▶ EXERCISE OBJECTIVE
Each line of the entries that mentions the string "Answer" needs to be reported.

EXERCISE INPUT below:

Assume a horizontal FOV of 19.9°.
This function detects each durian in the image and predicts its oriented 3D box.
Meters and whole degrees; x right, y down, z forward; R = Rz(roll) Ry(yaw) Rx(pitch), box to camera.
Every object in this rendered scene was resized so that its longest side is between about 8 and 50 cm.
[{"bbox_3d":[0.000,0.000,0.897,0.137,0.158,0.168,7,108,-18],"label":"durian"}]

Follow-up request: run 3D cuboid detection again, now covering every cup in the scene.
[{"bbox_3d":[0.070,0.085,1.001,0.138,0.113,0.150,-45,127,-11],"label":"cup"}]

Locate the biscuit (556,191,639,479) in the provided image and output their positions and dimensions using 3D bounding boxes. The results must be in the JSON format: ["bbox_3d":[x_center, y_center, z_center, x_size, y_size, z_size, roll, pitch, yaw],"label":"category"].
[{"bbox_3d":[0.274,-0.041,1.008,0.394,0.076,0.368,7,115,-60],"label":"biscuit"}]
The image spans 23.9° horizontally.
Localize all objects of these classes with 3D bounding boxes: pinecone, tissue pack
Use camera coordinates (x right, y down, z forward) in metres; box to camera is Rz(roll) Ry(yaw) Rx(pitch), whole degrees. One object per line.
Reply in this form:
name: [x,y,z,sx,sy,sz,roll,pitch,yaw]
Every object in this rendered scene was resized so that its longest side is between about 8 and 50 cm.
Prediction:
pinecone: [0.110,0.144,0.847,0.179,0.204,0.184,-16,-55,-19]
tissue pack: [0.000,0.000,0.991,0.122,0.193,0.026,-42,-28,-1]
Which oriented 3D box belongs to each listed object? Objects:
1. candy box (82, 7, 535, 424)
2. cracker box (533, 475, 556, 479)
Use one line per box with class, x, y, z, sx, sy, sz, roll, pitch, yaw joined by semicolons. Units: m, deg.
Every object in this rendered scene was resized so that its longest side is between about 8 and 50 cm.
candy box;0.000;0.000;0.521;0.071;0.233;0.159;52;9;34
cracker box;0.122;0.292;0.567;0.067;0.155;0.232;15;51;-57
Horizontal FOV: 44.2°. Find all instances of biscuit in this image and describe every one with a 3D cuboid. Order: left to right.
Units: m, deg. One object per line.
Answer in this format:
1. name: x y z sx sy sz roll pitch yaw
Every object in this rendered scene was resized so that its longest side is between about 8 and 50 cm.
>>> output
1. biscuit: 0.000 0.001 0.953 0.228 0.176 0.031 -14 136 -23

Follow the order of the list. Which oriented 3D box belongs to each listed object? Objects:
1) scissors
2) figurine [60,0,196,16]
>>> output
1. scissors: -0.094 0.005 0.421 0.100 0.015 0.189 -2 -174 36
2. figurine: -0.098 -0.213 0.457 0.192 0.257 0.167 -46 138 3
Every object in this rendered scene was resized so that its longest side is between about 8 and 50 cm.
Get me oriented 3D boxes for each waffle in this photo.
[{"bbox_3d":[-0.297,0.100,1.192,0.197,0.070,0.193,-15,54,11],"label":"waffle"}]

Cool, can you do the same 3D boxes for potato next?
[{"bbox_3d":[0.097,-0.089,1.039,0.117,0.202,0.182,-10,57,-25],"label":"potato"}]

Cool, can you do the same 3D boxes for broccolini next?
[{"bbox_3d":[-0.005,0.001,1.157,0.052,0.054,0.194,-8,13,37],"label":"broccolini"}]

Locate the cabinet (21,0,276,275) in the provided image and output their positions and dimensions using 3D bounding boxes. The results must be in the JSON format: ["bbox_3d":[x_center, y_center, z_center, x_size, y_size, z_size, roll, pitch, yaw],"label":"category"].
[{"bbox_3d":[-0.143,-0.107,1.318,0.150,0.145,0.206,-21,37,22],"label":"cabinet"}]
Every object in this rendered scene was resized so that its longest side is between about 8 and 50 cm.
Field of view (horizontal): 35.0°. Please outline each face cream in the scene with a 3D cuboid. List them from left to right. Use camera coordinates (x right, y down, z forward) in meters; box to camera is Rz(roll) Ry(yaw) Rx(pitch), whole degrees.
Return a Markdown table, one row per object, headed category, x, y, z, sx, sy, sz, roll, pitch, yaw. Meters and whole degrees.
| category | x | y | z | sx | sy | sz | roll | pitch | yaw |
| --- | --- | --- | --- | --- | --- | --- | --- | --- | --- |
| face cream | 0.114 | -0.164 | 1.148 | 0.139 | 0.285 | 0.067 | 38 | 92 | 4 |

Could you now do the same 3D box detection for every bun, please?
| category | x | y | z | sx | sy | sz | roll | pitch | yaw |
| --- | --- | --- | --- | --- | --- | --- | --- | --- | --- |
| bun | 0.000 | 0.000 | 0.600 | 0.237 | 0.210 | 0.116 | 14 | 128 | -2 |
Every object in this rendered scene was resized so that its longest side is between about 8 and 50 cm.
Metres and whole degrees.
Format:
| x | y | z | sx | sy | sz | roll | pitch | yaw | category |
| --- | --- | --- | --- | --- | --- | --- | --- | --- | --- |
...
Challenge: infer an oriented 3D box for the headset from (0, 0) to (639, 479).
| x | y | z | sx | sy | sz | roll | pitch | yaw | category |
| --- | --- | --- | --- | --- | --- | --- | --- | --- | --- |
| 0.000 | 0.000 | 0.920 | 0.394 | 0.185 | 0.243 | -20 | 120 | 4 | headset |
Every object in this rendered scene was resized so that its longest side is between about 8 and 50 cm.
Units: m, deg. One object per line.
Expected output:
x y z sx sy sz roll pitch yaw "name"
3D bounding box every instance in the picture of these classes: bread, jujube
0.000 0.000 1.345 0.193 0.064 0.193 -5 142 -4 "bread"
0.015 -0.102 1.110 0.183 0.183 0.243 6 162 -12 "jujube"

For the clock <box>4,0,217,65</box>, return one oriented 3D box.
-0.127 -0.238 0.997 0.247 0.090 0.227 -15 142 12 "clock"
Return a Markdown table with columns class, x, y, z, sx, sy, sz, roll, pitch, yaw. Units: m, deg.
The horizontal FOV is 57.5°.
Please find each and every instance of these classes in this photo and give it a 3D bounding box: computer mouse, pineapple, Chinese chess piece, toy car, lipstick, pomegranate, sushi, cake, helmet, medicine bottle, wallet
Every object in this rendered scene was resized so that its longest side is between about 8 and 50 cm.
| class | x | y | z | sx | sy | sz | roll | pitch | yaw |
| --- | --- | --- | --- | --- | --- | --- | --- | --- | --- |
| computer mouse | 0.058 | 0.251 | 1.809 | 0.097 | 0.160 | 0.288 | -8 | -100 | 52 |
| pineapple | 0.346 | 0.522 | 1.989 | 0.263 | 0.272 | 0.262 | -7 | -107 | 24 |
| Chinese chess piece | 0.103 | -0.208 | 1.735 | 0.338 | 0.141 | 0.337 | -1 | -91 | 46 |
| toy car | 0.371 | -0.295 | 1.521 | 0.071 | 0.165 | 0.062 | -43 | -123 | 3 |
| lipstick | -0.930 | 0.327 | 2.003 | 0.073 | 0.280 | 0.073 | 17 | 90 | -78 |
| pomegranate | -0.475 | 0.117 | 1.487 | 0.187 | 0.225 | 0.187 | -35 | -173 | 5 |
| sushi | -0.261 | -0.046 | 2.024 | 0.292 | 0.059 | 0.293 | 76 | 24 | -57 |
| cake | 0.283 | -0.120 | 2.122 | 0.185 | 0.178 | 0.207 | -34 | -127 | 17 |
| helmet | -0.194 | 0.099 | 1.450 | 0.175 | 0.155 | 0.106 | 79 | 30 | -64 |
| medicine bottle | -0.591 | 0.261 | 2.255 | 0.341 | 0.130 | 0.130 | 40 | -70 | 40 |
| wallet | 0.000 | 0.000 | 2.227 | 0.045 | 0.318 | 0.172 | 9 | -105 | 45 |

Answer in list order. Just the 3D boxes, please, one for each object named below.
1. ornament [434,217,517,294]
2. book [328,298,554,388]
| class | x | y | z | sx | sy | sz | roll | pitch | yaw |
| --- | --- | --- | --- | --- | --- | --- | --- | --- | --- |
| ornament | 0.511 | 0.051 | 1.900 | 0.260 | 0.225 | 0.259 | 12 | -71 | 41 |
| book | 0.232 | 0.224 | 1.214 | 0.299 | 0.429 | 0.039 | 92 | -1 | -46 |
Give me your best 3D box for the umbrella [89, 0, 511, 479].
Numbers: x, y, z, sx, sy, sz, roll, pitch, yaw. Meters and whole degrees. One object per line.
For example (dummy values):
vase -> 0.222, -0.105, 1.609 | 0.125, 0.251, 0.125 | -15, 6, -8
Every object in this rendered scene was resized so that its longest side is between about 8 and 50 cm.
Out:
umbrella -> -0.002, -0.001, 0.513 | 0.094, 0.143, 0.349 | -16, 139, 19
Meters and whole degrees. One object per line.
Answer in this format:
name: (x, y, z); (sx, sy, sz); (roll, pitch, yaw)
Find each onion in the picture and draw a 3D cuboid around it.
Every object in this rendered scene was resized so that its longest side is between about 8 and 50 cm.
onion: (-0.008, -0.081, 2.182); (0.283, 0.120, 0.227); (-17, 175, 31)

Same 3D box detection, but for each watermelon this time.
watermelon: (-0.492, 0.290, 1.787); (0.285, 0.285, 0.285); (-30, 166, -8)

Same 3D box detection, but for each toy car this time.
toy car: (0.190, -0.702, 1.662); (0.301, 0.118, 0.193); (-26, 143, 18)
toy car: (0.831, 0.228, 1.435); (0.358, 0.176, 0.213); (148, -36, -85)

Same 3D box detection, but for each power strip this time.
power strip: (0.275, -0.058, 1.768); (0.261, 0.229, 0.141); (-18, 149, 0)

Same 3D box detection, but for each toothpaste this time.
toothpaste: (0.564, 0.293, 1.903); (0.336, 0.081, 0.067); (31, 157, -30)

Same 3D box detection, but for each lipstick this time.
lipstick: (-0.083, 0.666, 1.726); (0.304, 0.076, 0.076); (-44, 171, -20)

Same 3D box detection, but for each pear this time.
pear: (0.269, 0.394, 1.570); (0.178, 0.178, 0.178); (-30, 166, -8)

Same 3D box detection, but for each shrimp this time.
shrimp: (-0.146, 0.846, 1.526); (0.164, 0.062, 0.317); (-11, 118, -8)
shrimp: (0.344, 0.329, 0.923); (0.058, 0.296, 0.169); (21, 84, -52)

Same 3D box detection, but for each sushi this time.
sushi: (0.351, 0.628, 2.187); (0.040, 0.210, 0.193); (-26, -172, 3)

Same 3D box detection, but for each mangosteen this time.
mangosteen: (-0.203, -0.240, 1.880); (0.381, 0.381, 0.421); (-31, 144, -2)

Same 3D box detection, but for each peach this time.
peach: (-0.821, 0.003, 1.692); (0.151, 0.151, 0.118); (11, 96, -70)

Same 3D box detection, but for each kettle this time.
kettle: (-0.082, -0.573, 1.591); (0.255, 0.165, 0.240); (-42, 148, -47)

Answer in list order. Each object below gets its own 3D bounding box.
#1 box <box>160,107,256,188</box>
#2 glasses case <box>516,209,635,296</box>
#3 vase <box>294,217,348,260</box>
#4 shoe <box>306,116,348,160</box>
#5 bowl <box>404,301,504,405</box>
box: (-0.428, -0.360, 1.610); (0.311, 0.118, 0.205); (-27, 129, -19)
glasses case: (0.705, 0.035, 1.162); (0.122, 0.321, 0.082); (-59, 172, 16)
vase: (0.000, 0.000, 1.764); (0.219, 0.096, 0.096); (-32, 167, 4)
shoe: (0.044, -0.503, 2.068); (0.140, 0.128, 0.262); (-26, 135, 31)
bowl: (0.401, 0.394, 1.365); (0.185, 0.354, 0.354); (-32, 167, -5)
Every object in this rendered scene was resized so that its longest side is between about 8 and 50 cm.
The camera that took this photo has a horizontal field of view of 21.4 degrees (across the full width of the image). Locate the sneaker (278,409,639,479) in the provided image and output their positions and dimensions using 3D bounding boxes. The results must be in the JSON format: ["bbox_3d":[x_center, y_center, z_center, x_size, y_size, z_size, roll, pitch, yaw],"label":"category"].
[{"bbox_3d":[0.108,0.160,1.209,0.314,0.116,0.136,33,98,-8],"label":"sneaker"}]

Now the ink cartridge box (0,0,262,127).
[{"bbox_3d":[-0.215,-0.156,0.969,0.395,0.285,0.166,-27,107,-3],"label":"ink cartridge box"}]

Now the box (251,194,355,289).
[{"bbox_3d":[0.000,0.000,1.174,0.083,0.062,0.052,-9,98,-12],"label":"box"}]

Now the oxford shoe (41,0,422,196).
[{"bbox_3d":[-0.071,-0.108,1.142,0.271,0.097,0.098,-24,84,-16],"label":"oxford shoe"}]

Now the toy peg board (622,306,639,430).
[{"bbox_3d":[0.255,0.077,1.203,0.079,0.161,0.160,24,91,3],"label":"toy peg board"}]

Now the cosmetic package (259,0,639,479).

End of EXERCISE INPUT.

▶ SOLVED EXERCISE
Answer in this format:
Answer in list order. Just the 3D boxes, please, one for each object named below.
Answer in this format:
Answer in list order. Each object below gets its own 3D bounding box.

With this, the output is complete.